American ginseng [Panax quinquefolius L. (P. quinquefolius L.)] is a very commonly used herbal medicine in the United States, and ginsenosides are considered to be its bioactive constituents (Fig. 1A and B; refs. 7–9). As an anti-inflammatory botanical, ginseng plays a therapeutic role in reducing inflammation and suppressing colitis (10, 11). Interestingly, epidemiologic and experimental studies have suggested that ginseng can prevent or treat cancer in humans, including colorectal cancer (6, 12, 13). Thus, the anti-inflammatory activity of ginseng may play a critical role in colorectal cancer chemoprevention (10, 11).
Ginseng's bioavailability after its oral ingestion is low, due to the incomplete absorption of the parent compound and conversion to metabolites (14, 15).
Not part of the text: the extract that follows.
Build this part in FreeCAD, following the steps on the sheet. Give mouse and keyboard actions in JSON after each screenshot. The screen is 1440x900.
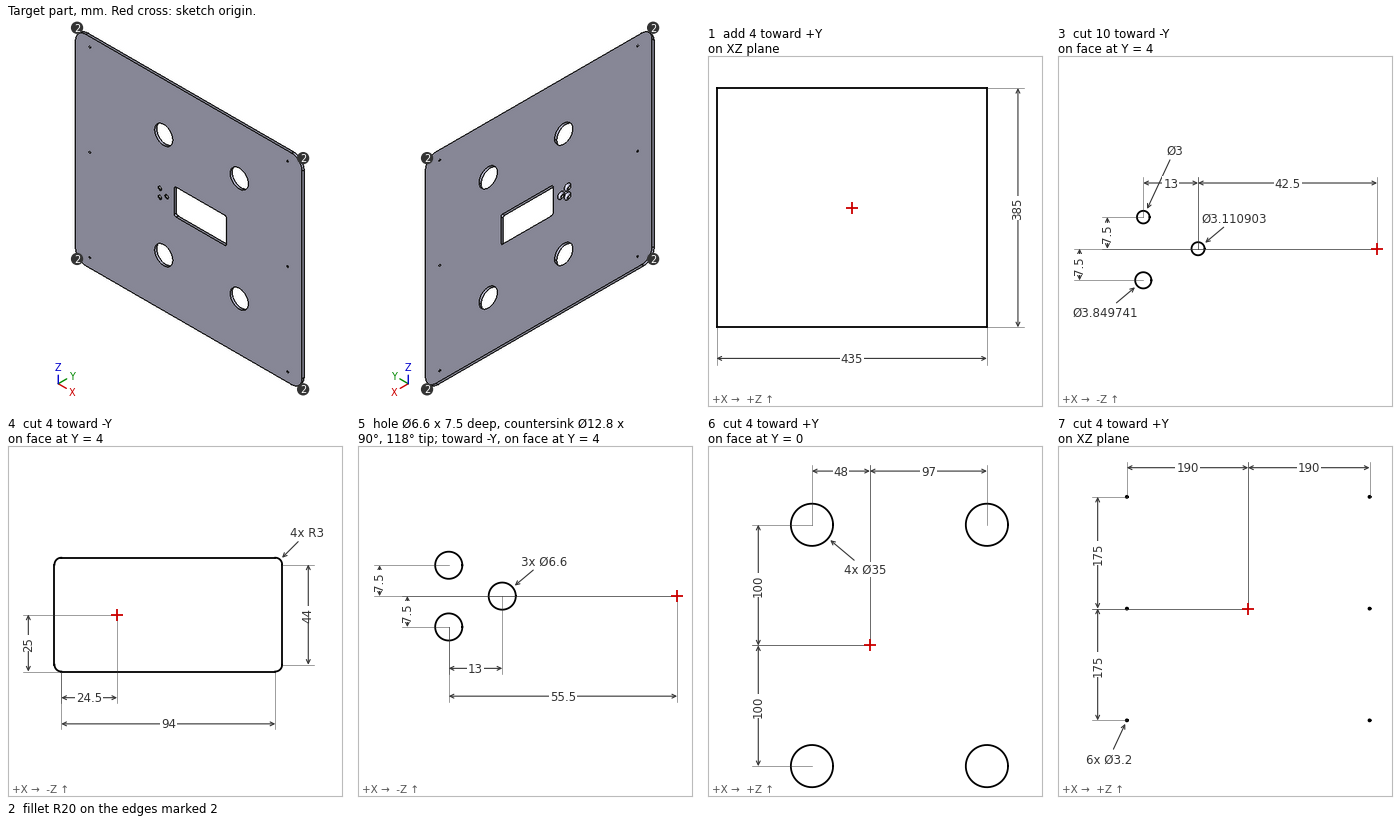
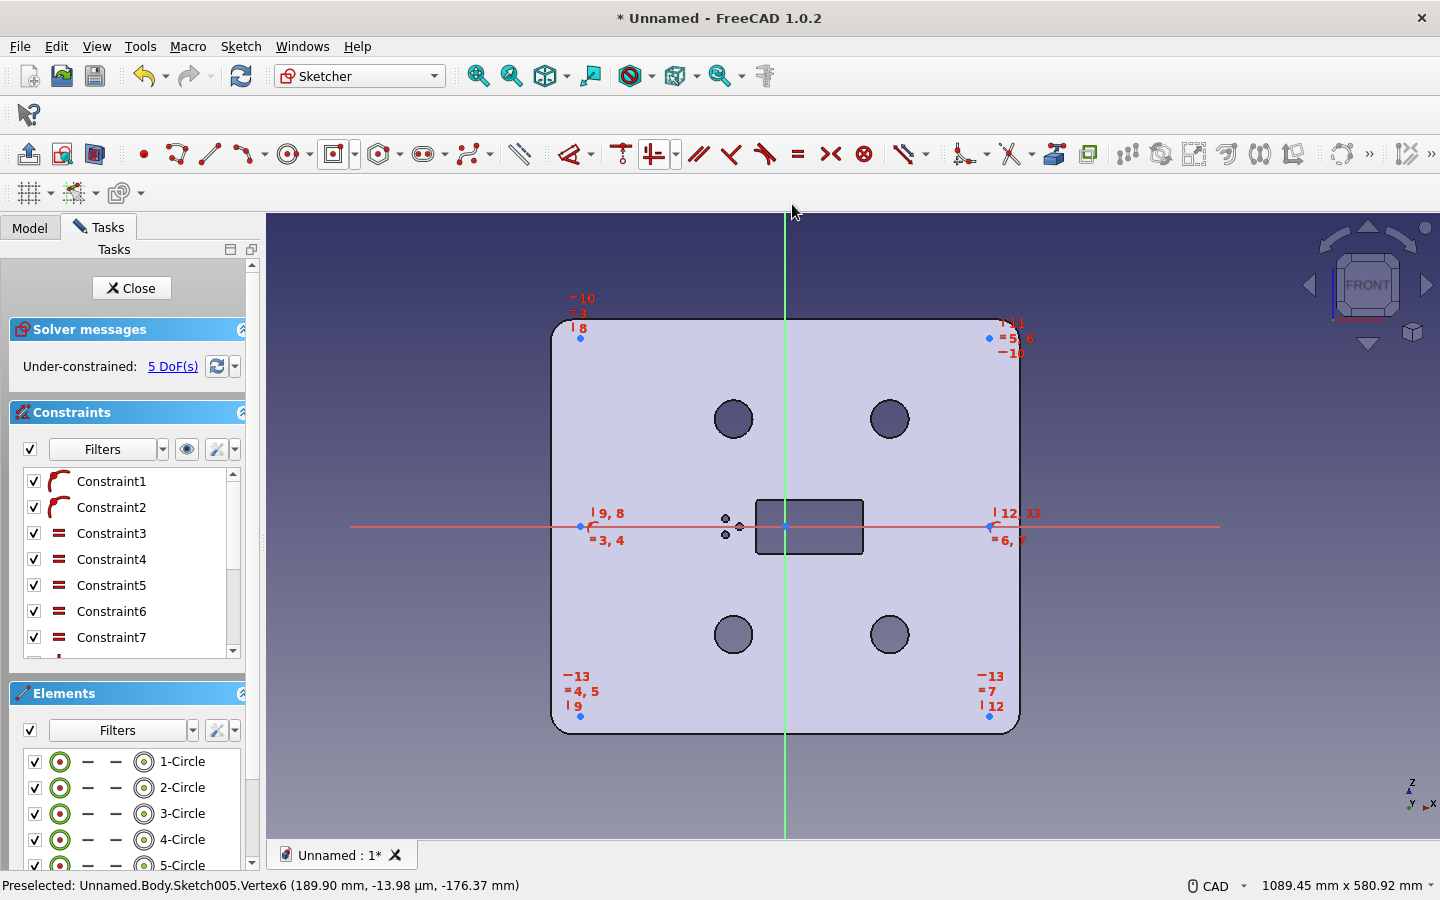
{"action": "left_click", "coordinate": [568, 154]}

The ingested parent ginseng compounds can be biotransformed to metabolites by the enteric microbiome (16, 17). Although host–microbial interactions in the mammalian colon are complex and incompletely understood, they play an important role in maintaining intestinal homeostasis and protecting colorectal carcinogenesis (18). Therefore, the study of the shift of gut microbiota community induced by ginseng may provide new information on colorectal cancer management. However, the effects of ginseng compounds on gut microbial species have yet to be investigated in an in vivo colorectal cancer model.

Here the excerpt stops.